So do I want an orgasm?

Combine all that with my menopausal ‘meh’ and the answer is a clear no.

But release

Yes, I need release.

I want touch.

Not the from-a-distance air kisses or the as-I-leave-for-work elbow bumps that have replaced our daily kiss good-bye, not the drive-by butt grabs that punctuate our daily cross-path interactions, nor even the pat-pet tuck-ins of night-time sweet dream wishes.

And also not sexual.

I want touch.

Sweet and soft and gently massaging, sensual without sexual insistence, relaxing and calm and kneady.

“Give me rubs,” I say.

And he does.

Shushing strokes and light circular pressure massages, splay-fingered dig-muscle soothing C-hands, fingertip pull-up and palm press-down, he rubs baby oil over my torso and limbs. Quietly, gently, without expectation of touching me there — but knowing that, on his body, there is where *he* most wants to be touched, I smile as his erection strains inside his shorts, deciding that there is where I will focus my efforts on the massage he will receive in return – he gives me the pleasure of tension-release I seek.

And when he is through, I incite in him – willfully, teasingly, with my own massaging hands – a different kind of muscle ache…

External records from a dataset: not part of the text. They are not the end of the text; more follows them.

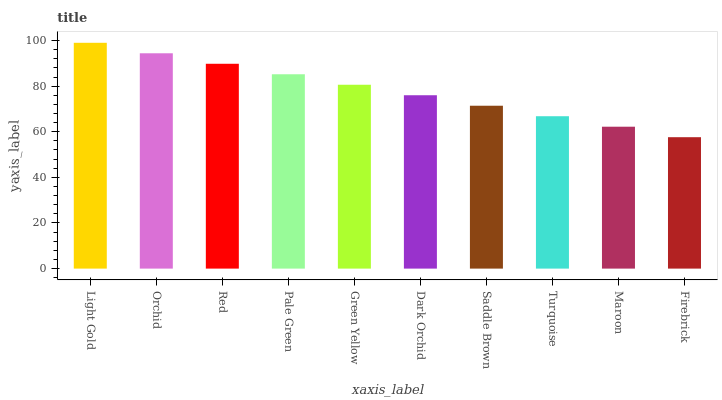Is Firebrick the minimum?
Answer yes or no. Yes. Is Light Gold the maximum?
Answer yes or no. Yes. Is Orchid the minimum?
Answer yes or no. No. Is Orchid the maximum?
Answer yes or no. No. Is Light Gold greater than Orchid?
Answer yes or no. Yes. Is Orchid less than Light Gold?
Answer yes or no. Yes. Is Orchid greater than Light Gold?
Answer yes or no. No. Is Light Gold less than Orchid?
Answer yes or no. No. Is Green Yellow the high median?
Answer yes or no. Yes. Is Dark Orchid the low median?
Answer yes or no. Yes. Is Light Gold the high median?
Answer yes or no. No. Is Firebrick the low median?
Answer yes or no. No. 
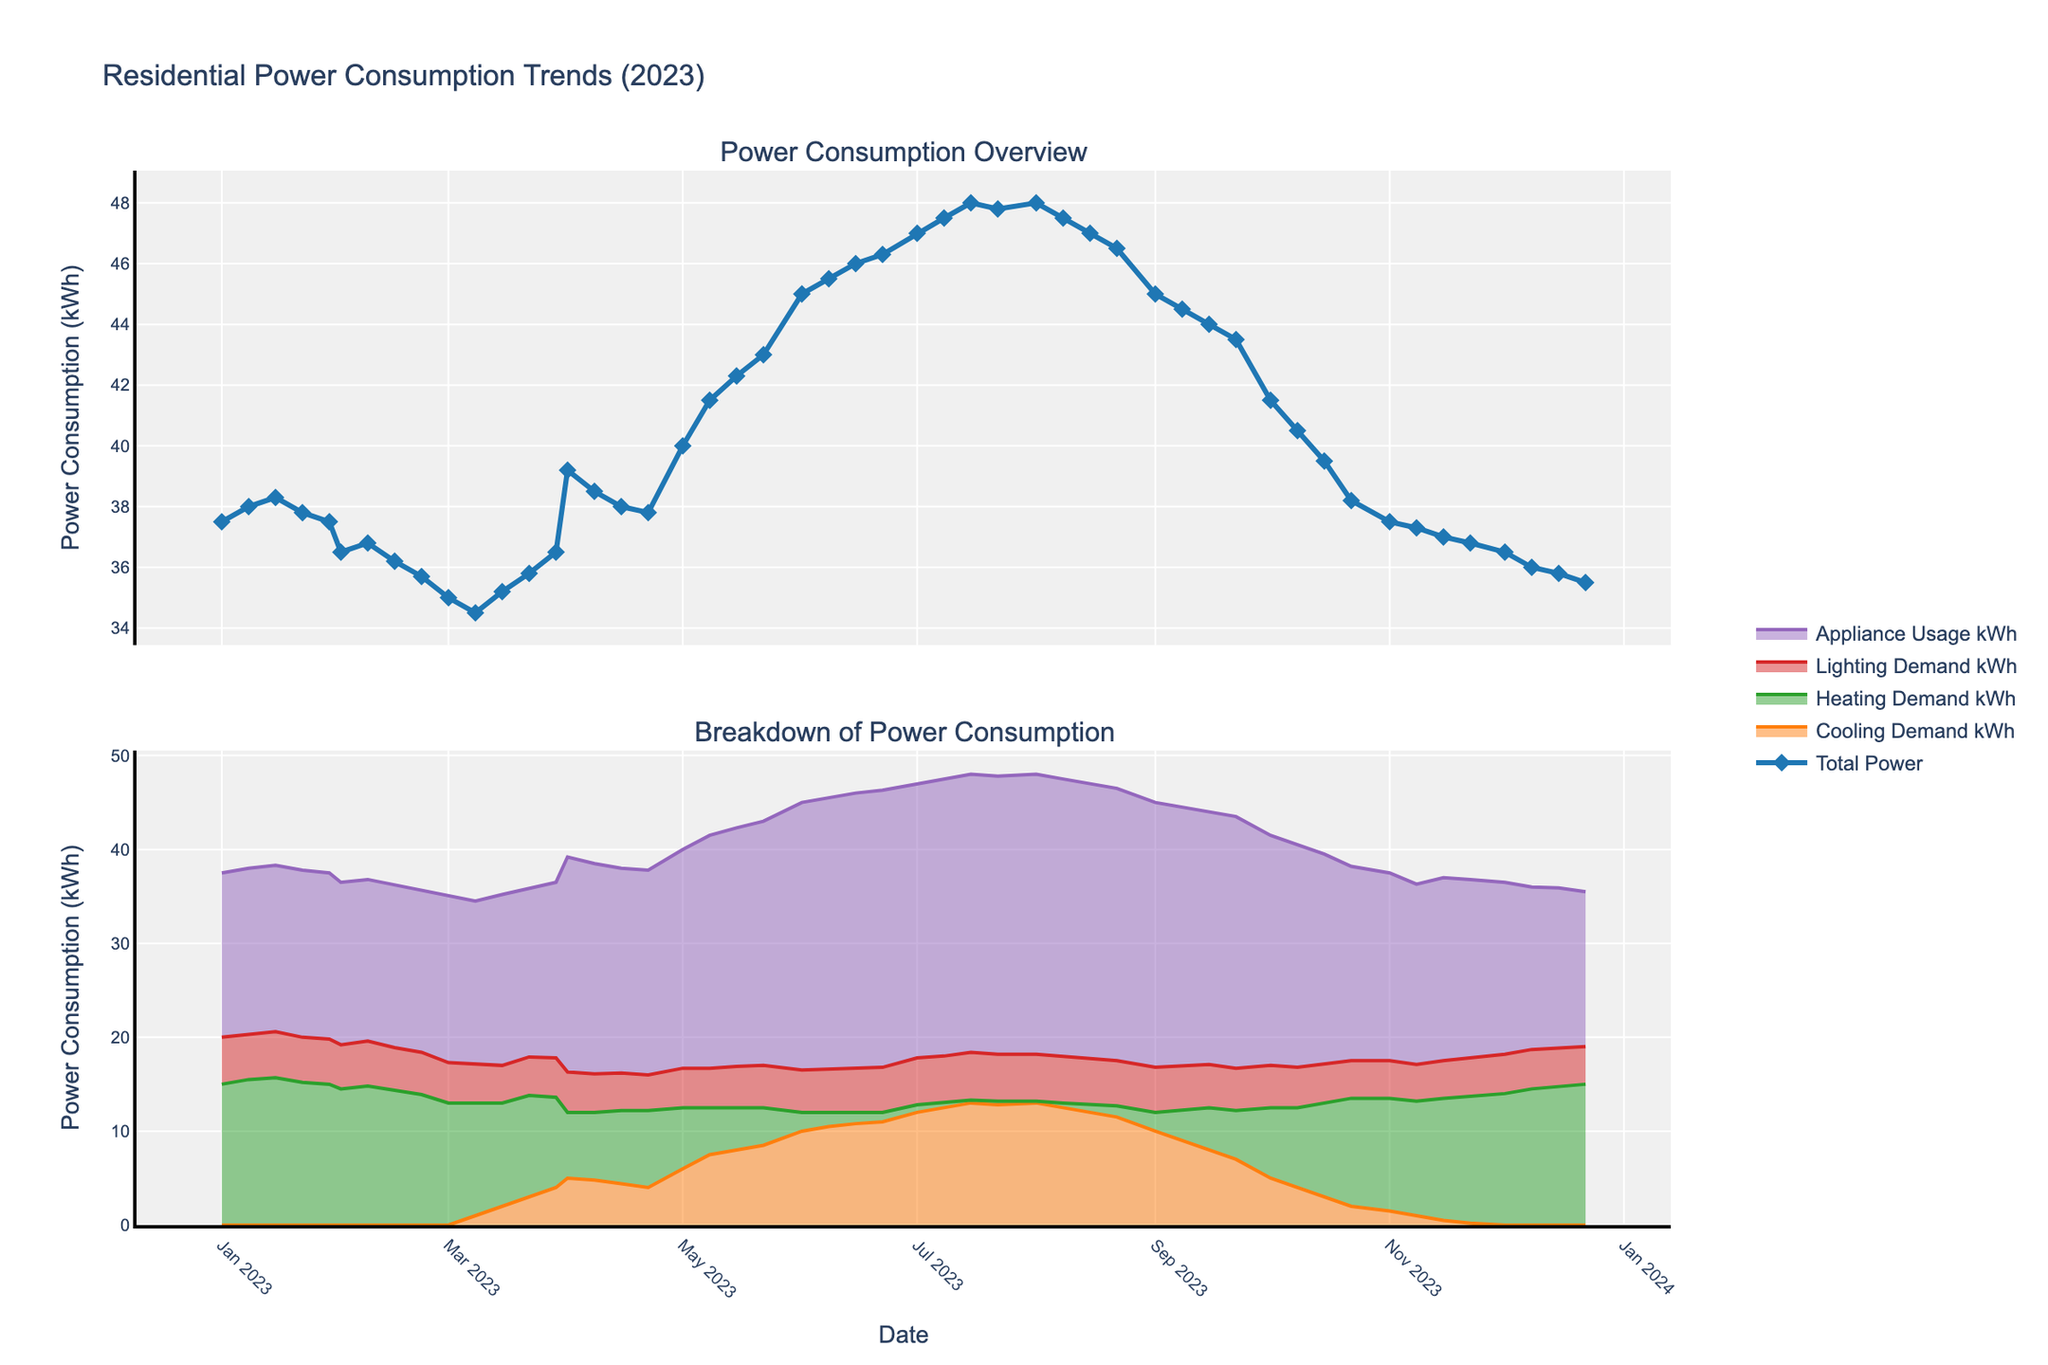What is the title of the plot? The title of the plot is usually found at the top of the figure, clearly stating the subject of the visualization. In this plot, it is specified as 'Residential Power Consumption Trends (2023)'.
Answer: Residential Power Consumption Trends (2023) What are the main components of power consumption displayed in the second subplot? The components are typically listed in the legend associated with the subplot. In this plot, they are 'Cooling Demand', 'Heating Demand', 'Lighting Demand', and 'Appliance Usage'.
Answer: Cooling Demand, Heating Demand, Lighting Demand, Appliance Usage How does the total power consumption trend from January to December? Look at the trend line for 'Total Power' in the first subplot. The trend starts around 37.5 kWh in January, peaks at around 48.0 kWh in July, and then decreases back to around 35.5 kWh by December.
Answer: It increases from January to July and then decreases until December Which month shows the maximum 'Cooling Demand'? Identify the peak point in the 'Cooling Demand' line in the second subplot. The highest point is around July, where the value is approximately 13.0 kWh.
Answer: July What happens to 'Heating Demand' and 'Cooling Demand' between January and July? Observe both lines in the second subplot. 'Heating Demand' decreases from about 15.0 kWh in January to nearly 0.3 kWh in July, while 'Cooling Demand' increases from 0 kWh to 13.0 kWh.
Answer: Heating Demand decreases, and Cooling Demand increases What is the total power consumption in the first week of June? Locate the data point for June 1 and read the 'Total Power' value from the first subplot. The power consumption is recorded as 45.0 kWh.
Answer: 45.0 kWh Compare the 'Lighting Demand' in January with that in July. Check the 'Lighting Demand' values in the second subplot for the two months. In January, it is around 4.8 kWh, while in July, it is approximately 5.0 kWh.
Answer: It's slightly higher in July compared to January What is the average 'Appliance Usage' over the year? Sum up the 'Appliance Usage' values for each month and divide by the number of months. The sum is roughly 800.0 kWh, and there are 12 months, so the average is 800.0/12.
Answer: 66.67 kWh In which month does 'Total Power' reach its peak, and what is the value? Identify the highest point in the 'Total Power' line in the first subplot. This peak occurs in July, where the value is approximately 48.0 kWh.
Answer: July, 48.0 kWh Is there any month where 'Cooling Demand' and 'Heating Demand' are equal? Look for any intersection points between the 'Cooling Demand' and 'Heating Demand' lines in the second subplot. There is no month where both demands intersect exactly at the same value.
Answer: No

…a tangible throbbing tension…

…followed by the pleasure of release.

Do I want sex right now? No.

Orgasms?

Pfffgh… Honestly? That’s a lot of work.

But touch…

Yes.

I want touch.

So the answer right now, when he asks, “What do you want?” is:

Give me rubs.

13 thoughts on “Give me rubs.

  1. Posy Churchgate

    Absolutely with you on all of this. You’ve termed it so succinctly “work style and schedule cutting uncomfortably into the private spaces in my life”. I hope your business/budget aren’t suffering too badly. Thanks for the inspirational writing.

    Reply
  2. hislordship

    Just laying back and enjoying the attention of hands exploring muscles is such a great connection tool. With sex taken out of it there are no expectations or road map, just touch!

    Reply
  3. missy

    There is so much in this piece that I can relate to and you expressed it so effectively. The small things which keep our connection to another person are far more important than sex itself, although I do see them as being sexual and therefore part of ‘sex’ which for me, is not necessarily about an orgasm or about penetration. The deep need for a release really came across though and I think that at the moment lots of people are feeling the same.

    Reply
    1. Mrs Fever Post author

      It *is* a wonderful thing.

      It’s also a thing a lot of people are missing right now, given the “isolation” state of the world. So I definitely don’t take it for granted.

      Reply
  4. Brigit Delaney

    I’m so right with you on so much of this. My libido is iffy at best, but touch…I rarely stop wanting that. Physical connection, cuddling, massage, snuggling. And yet, I feel guilty asking for it, needing it, getting it, when I know the type of touch he craves.